▸ PROVIDED MATERIAL
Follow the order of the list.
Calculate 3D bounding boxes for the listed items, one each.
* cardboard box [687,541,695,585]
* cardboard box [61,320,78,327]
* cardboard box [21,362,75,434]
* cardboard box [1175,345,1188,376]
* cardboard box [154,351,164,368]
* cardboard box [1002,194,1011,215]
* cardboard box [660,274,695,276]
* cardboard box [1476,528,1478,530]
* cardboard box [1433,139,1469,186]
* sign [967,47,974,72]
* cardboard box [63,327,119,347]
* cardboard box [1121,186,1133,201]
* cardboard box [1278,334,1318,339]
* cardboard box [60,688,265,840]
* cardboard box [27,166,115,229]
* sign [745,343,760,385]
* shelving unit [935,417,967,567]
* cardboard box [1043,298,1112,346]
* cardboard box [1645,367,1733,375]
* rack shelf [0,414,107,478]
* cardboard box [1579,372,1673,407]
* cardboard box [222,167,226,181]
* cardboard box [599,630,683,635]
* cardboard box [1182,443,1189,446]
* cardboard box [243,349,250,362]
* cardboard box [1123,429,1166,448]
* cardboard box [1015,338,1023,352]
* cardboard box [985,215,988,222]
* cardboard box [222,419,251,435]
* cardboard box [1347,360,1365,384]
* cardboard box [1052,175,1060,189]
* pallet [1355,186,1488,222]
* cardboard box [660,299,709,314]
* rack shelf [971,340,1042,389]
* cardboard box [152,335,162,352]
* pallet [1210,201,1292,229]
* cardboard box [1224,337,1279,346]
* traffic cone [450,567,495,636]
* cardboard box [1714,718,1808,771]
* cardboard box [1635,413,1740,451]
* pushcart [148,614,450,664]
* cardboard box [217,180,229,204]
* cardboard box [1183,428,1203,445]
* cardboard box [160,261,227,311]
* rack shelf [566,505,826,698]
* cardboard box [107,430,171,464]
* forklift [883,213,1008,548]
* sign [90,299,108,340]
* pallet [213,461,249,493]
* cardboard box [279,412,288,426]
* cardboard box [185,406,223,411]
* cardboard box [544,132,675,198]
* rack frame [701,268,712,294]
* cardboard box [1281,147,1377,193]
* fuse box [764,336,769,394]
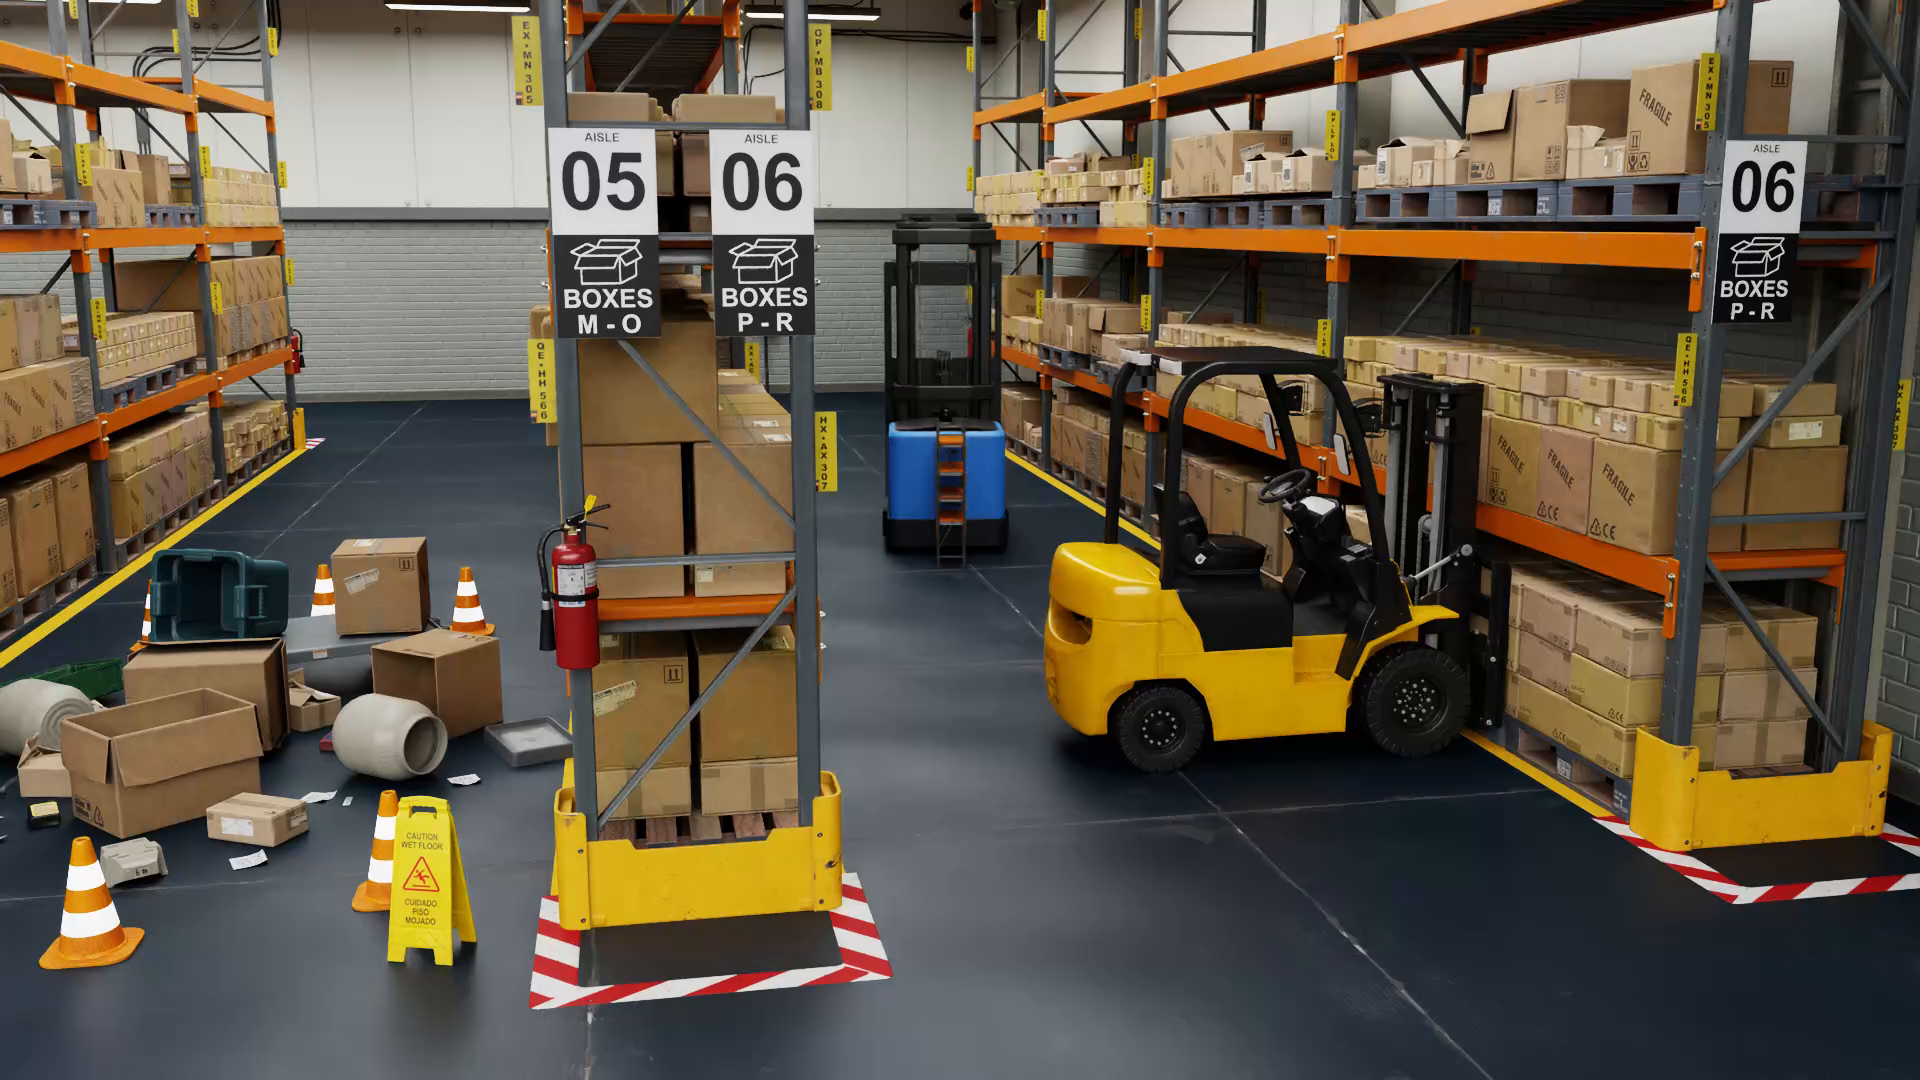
[{"bbox_3d":[-1.008,0.095,7.348,0.380,0.149,0.250,-2,11,-10],"label":"cardboard box"},{"bbox_3d":[-8.374,-1.964,15.452,0.380,0.149,0.250,-2,11,-9],"label":"cardboard box"},{"bbox_3d":[-7.027,-1.066,12.509,0.500,0.500,0.500,-2,11,-11],"label":"cardboard box"},{"bbox_3d":[2.173,-1.551,14.388,0.500,0.250,0.500,-2,11,-9],"label":"cardboard box"},{"bbox_3d":[-7.724,-1.694,15.621,0.380,0.149,0.250,-2,11,-9],"label":"cardboard box"},{"bbox_3d":[0.822,-4.202,20.837,0.500,0.250,0.500,-2,11,-12],"label":"cardboard box"},{"bbox_3d":[-3.083,-2.581,17.794,0.500,0.500,0.500,-2,11,-9],"label":"cardboard box"},{"bbox_3d":[3.407,0.001,10.725,0.500,0.250,0.500,-2,11,-12],"label":"cardboard box"},{"bbox_3d":[2.999,-2.207,9.718,0.396,0.266,0.258,-2,11,-12],"label":"cardboard box"},{"bbox_3d":[0.142,-6.454,22.327,0.100,0.325,0.005,-2,11,-11],"label":"sign"},{"bbox_3d":[-7.472,-1.743,14.289,0.380,0.149,0.250,-2,11,-11],"label":"cardboard box"},{"bbox_3d":[1.777,-3.355,16.112,0.380,0.149,0.250,-2,11,-11],"label":"cardboard box"},{"bbox_3d":[2.810,-1.596,13.557,0.380,0.149,0.250,-2,11,-9],"label":"cardboard box"},{"bbox_3d":[-3.907,1.083,8.159,0.637,0.503,0.797,9,14,38],"label":"cardboard box"},{"bbox_3d":[-7.324,-2.819,13.694,0.500,0.500,0.500,-2,11,-11],"label":"cardboard box"},{"bbox_3d":[-1.329,-1.093,10.601,0.100,0.325,0.005,-2,11,-11],"label":"sign"},{"bbox_3d":[-0.078,-0.415,14.146,0.258,1.200,0.503,0,12,-1],"label":"shelving unit"},{"bbox_3d":[1.327,-2.454,18.674,0.700,0.500,0.500,-2,11,-10],"label":"cardboard box"},{"bbox_3d":[3.814,-0.820,8.687,0.380,0.149,0.250,-2,11,-11],"label":"cardboard box"},{"bbox_3d":[-7.085,-0.461,11.522,1.077,0.370,4.000,-2,11,-11],"label":"rack shelf"},{"bbox_3d":[3.354,-0.757,8.354,0.380,0.149,0.250,-2,11,-10],"label":"cardboard box"},{"bbox_3d":[-8.271,-4.010,18.217,0.380,0.149,0.250,-2,11,-13],"label":"cardboard box"},{"bbox_3d":[-1.598,0.630,8.089,0.500,0.500,0.500,-2,11,-9],"label":"cardboard box"},{"bbox_3d":[2.347,-0.718,16.508,0.500,0.500,0.500,-2,11,-11],"label":"cardboard box"},{"bbox_3d":[-8.289,-2.095,18.855,0.380,0.149,0.250,-2,11,-8],"label":"cardboard box"},{"bbox_3d":[1.802,-0.989,16.196,0.380,0.149,0.250,-3,11,-14],"label":"cardboard box"},{"bbox_3d":[0.895,-2.410,20.506,0.380,0.149,0.250,-2,11,-12],"label":"cardboard box"},{"bbox_3d":[0.508,-4.312,22.478,0.380,0.149,0.250,-2,11,-10],"label":"cardboard box"},{"bbox_3d":[-8.251,-1.278,18.799,0.380,0.149,0.250,-2,11,-10],"label":"cardboard box"},{"bbox_3d":[2.812,-1.127,11.096,0.380,0.149,0.250,-2,11,-12],"label":"cardboard box"},{"bbox_3d":[1.210,-3.882,18.031,0.380,0.149,0.250,-2,11,-12],"label":"cardboard box"},{"bbox_3d":[3.200,-2.102,10.434,1.003,0.211,1.213,-2,11,-11],"label":"pallet"},{"bbox_3d":[-1.647,-0.965,8.505,0.700,0.500,0.500,-2,11,-11],"label":"cardboard box"},{"bbox_3d":[1.063,-2.308,21.226,1.077,0.370,4.000,-2,11,-11],"label":"rack shelf"},{"bbox_3d":[-7.721,-1.837,15.578,0.380,0.149,0.250,-2,11,-11],"label":"cardboard box"},{"bbox_3d":[2.671,-2.616,13.401,1.003,0.211,1.213,-2,11,-8],"label":"pallet"},{"bbox_3d":[2.319,-1.529,13.206,0.380,0.149,0.250,-2,11,-13],"label":"cardboard box"},{"bbox_3d":[-3.474,0.423,11.736,0.336,0.463,0.334,-2,11,-11],"label":"traffic cone"},{"bbox_3d":[3.883,0.953,8.397,0.500,0.250,0.500,-2,11,-11],"label":"cardboard box"},{"bbox_3d":[3.444,-0.515,7.879,0.380,0.149,0.250,-2,11,-10],"label":"cardboard box"},{"bbox_3d":[-4.087,0.734,10.332,1.648,0.377,0.936,-6,13,-31],"label":"pushcart"},{"bbox_3d":[-8.202,-3.749,17.914,0.500,0.250,0.500,-2,11,-11],"label":"cardboard box"},{"bbox_3d":[2.409,-1.015,16.334,0.380,0.149,0.250,-2,11,-9],"label":"cardboard box"},{"bbox_3d":[-8.100,-2.693,17.587,0.500,0.500,0.500,-2,11,-10],"label":"cardboard box"},{"bbox_3d":[-1.471,0.074,8.711,1.077,0.370,4.000,-2,11,-11],"label":"rack shelf"},{"bbox_3d":[-7.553,-0.848,15.185,0.500,0.250,0.500,-2,11,-11],"label":"cardboard box"},{"bbox_3d":[-0.169,-1.596,15.745,1.130,2.935,3.031,0,11,-2],"label":"forklift"},{"bbox_3d":[-6.930,-1.771,13.383,0.100,0.325,0.005,-2,11,-11],"label":"sign"},{"bbox_3d":[-8.417,-0.667,18.138,1.003,0.211,1.213,-2,11,-11],"label":"pallet"},{"bbox_3d":[-8.647,-1.514,20.837,0.380,0.149,0.250,-2,11,-13],"label":"cardboard box"},{"bbox_3d":[-9.166,-1.541,20.183,0.380,0.149,0.250,-2,11,-11],"label":"cardboard box"},{"bbox_3d":[-1.446,-1.543,6.864,0.500,0.250,0.500,-2,11,-12],"label":"cardboard box"},{"bbox_3d":[-2.638,-1.380,14.425,1.000,3.000,0.127,-2,11,-11],"label":"rack frame"},{"bbox_3d":[2.629,-2.637,11.853,0.500,0.311,0.500,-2,11,-13],"label":"cardboard box"},{"bbox_3d":[-3.224,-3.297,27.945,0.539,1.711,0.414,-2,11,-11],"label":"fuse box"}]

▸ THE PROBLEM
In the listing above, find the line with "cardboard box [660,274,695,276]" and the line with "cardboard box [27,166,115,229]". Output those two lines and every line between them, exactly as written.

▸ EXERCISE ANSWER
* cardboard box [660,274,695,276]
* cardboard box [1476,528,1478,530]
* cardboard box [1433,139,1469,186]
* sign [967,47,974,72]
* cardboard box [63,327,119,347]
* cardboard box [1121,186,1133,201]
* cardboard box [1278,334,1318,339]
* cardboard box [60,688,265,840]
* cardboard box [27,166,115,229]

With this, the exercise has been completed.